For overwhelmed IT teams, AIOps holds the promise of automatically heading off potential business impacting outages. But some IT leaders are skeptical about whether it can really deliver results.
Rodrigo de la Parra, AIOps Domain Leader at IBM Automation, addressed that skepticism at a recent CanadianCIO virtual roundtable. “It’s more than a buzzword,” said de la Parra, “AIOps takes IT to a more software-driven, agile approach.”
AIOps is the application of artificial intelligence to enhance IT operations, explained de la Parra. It spots issues by using machine learning to analyze huge amounts of data generated by tools across an organization’s infrastructure. Automation and natural language processing can be leveraged to help fix problems in real-time.
“It’s not a product or a single solution,” said de la Parra. “It’s a journey.” To unlock the value, he said it’s essential to align AIOps to support business needs for improved efficiency and customer service.
De la Parra distinguished between what he referred to as ‘domain specific’ and “domain agnostic” tools. He noted that the domain specific tools had great value within their specific silo. But the real value, de la Parra said, comes from adding a domain agnostic approach because it can take feeds from all the tools running in silos and produce a single data source. “This becomes the single source of truth for the analytics and to provide evidence on the root cause to the stakeholders,” said de la Parra.

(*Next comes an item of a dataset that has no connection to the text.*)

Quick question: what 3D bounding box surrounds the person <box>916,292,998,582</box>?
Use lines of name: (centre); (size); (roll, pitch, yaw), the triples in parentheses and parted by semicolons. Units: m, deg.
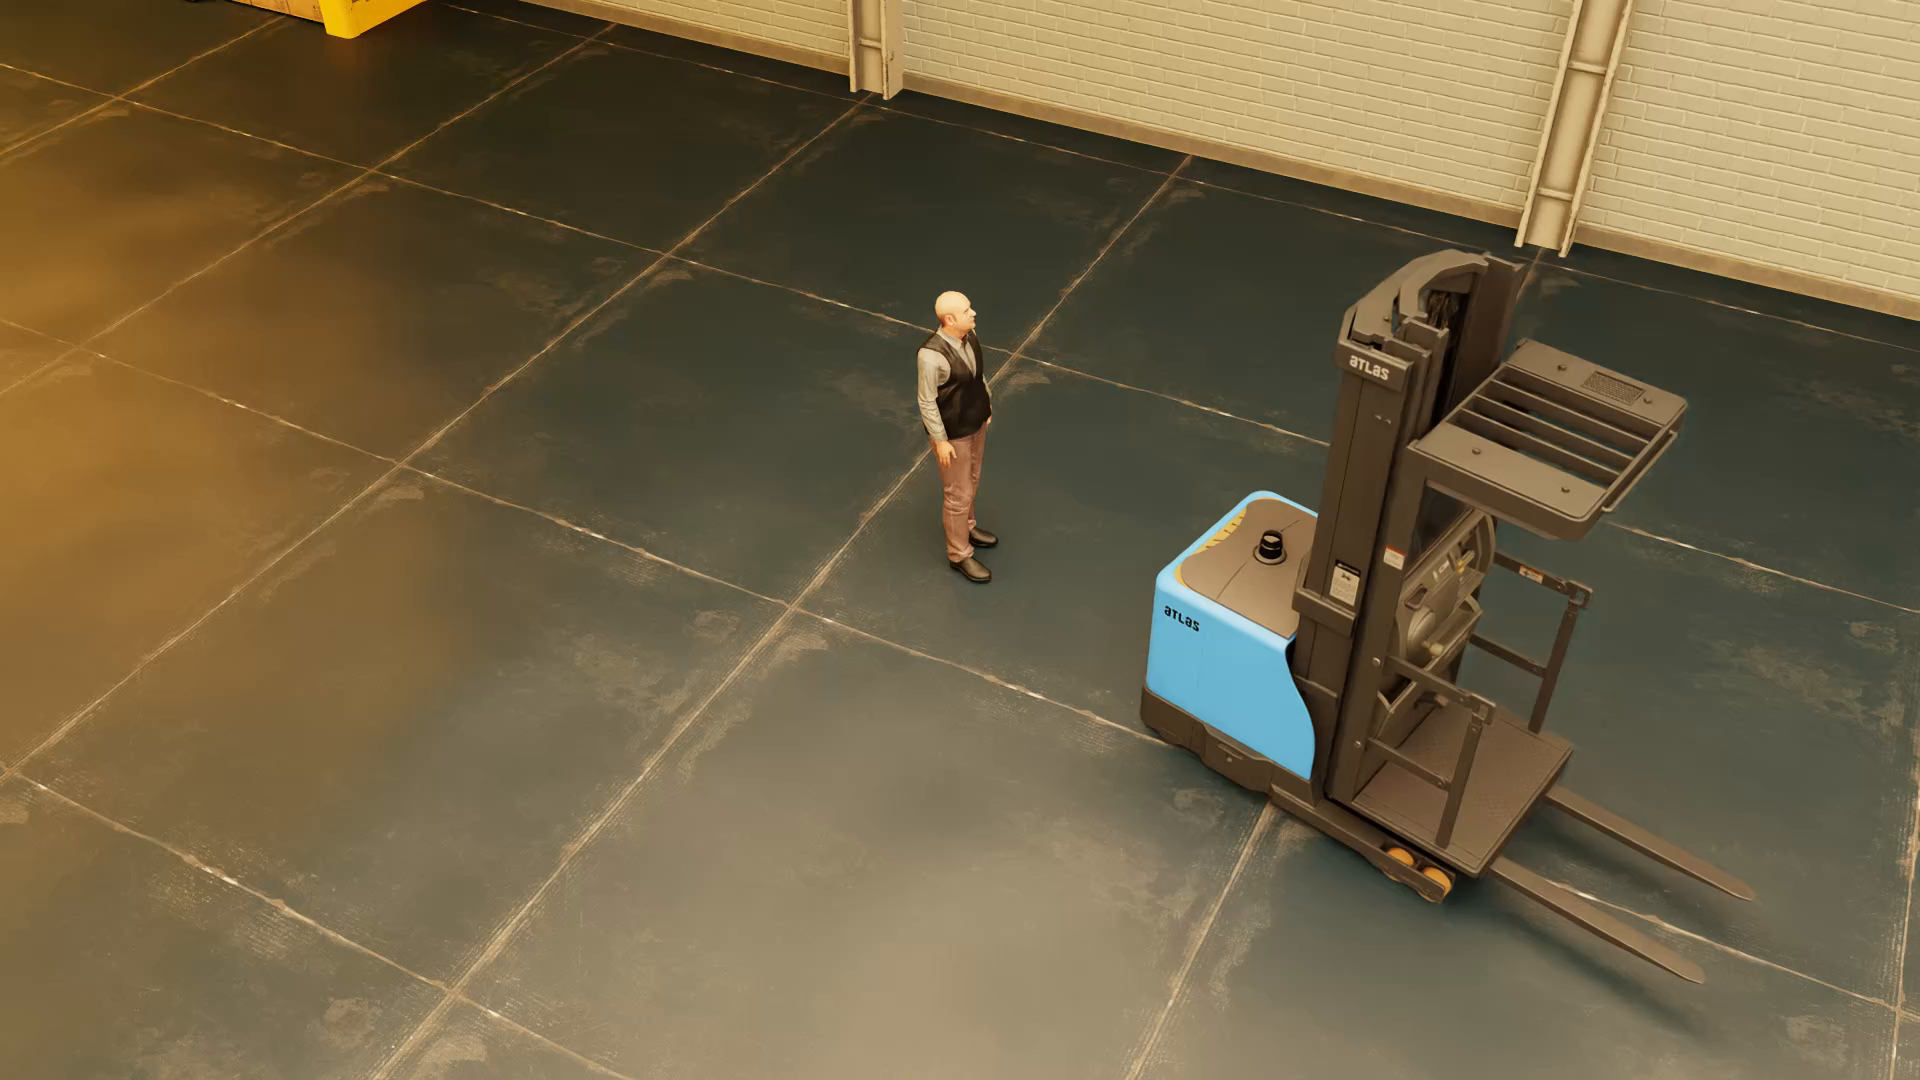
person: (0.053, -0.641, 9.676); (0.566, 1.722, 0.633); (18, 43, 21)

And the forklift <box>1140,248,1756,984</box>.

How to set up AIOps for success
Successful implementation starts with an operational assessment to identify current problems related to the organization’s business needs. From that, key performance indicators (KPIs) should be established to measure progress. Benchmarking where you are today, looking for real problems and developing measurable KPIs are at the heart of finding and proving the value of AIOps.
For example, de la Parra suggested that organizations could examine their efficiency by tracking the volume of major incidents relative to their applications, or the mean time to detect, acknowledge and resolve incidents. Value could be measured by looking at how much manual work is eliminated, or reductions in the number of issues reported by users.
One participant questioned how long it could take to set up the platform. According to de la Parra, this can be completed within a few weeks in many cases. He recommended starting with a manageable sized pilot to get some meaningful results quickly. Once baseline data is fed into the model, it will start detecting deviations in real-time. In addition, de la Parra noted that the IBM Watson AIOps solution comes with pre-defined algorithms that produce models to accelerate the implementation and the return on investment (ROI). “This approach removes the need for data scientists to normalize data, build a data lake, create models, and integrate interfaces to collaborate with the solution such as ChatOps,” he said.
Driving business benefits
Despite the discussion, it was clear that many of the participants remained skeptical about whether AIOps can produce a measurable return on investment. As well, there were questions about the trustworthiness of the data and whether domain-specific tools, such as those that monitor security, are sufficient.
The main advantage of domain agnostic AIOps over domain-specific tools is that it provides complete visibility, said de la Parra. “This is what makes it trustworthy AI,” he said. Decisions are driven by evidence from analyzing different data sources, grouping entities, localizing issues visualized in topology views to provide context, probable cause and next best action to resolve incidents. This is all done within the confines of policies and compliance requirements.
“It’s understandable to have skepticism over the effectiveness of AIOps given a common preconception around biased AI in general and the effort to implement solid AI models,” said de la Parra. “However, when we talk about AIOps at IBM, we are referring to a specific set of capabilities that provide concrete models to support log anomaly detection, blast radius, seasonal event grouping, next best action among others.”
Another concern raised by the group related to the issue of false positives on potential incidents. De la Parra noted that AIOps can analyze whether an issue is having an impact on business systems. If there is no impact, it does not send alerts. “Reducing the noise is critical to allow staff to spend time on higher value tasks,” said de la Parra. A 2021 study from Forrester analyzed the total economic impact of IBM Watson AIOps. It showed a 50 per cent reduction of MTTR (Mean Time to Resolve), 80 per cent time saved from remediating false-positive incidents, leading to $623K in savings and other benefits, such as proactive incident avoidance.
According to de la Parra, AIOps results in better overall IT service management. Not only does it reduce response time and downtime, it can also be used to look at the appropriate resource allocation for workloads in the cloud.
“Organizations already have the data,” said de la Parra. “AIOps enables the IT team to be more proactive and to become a trusted partner that helps drive business forward.”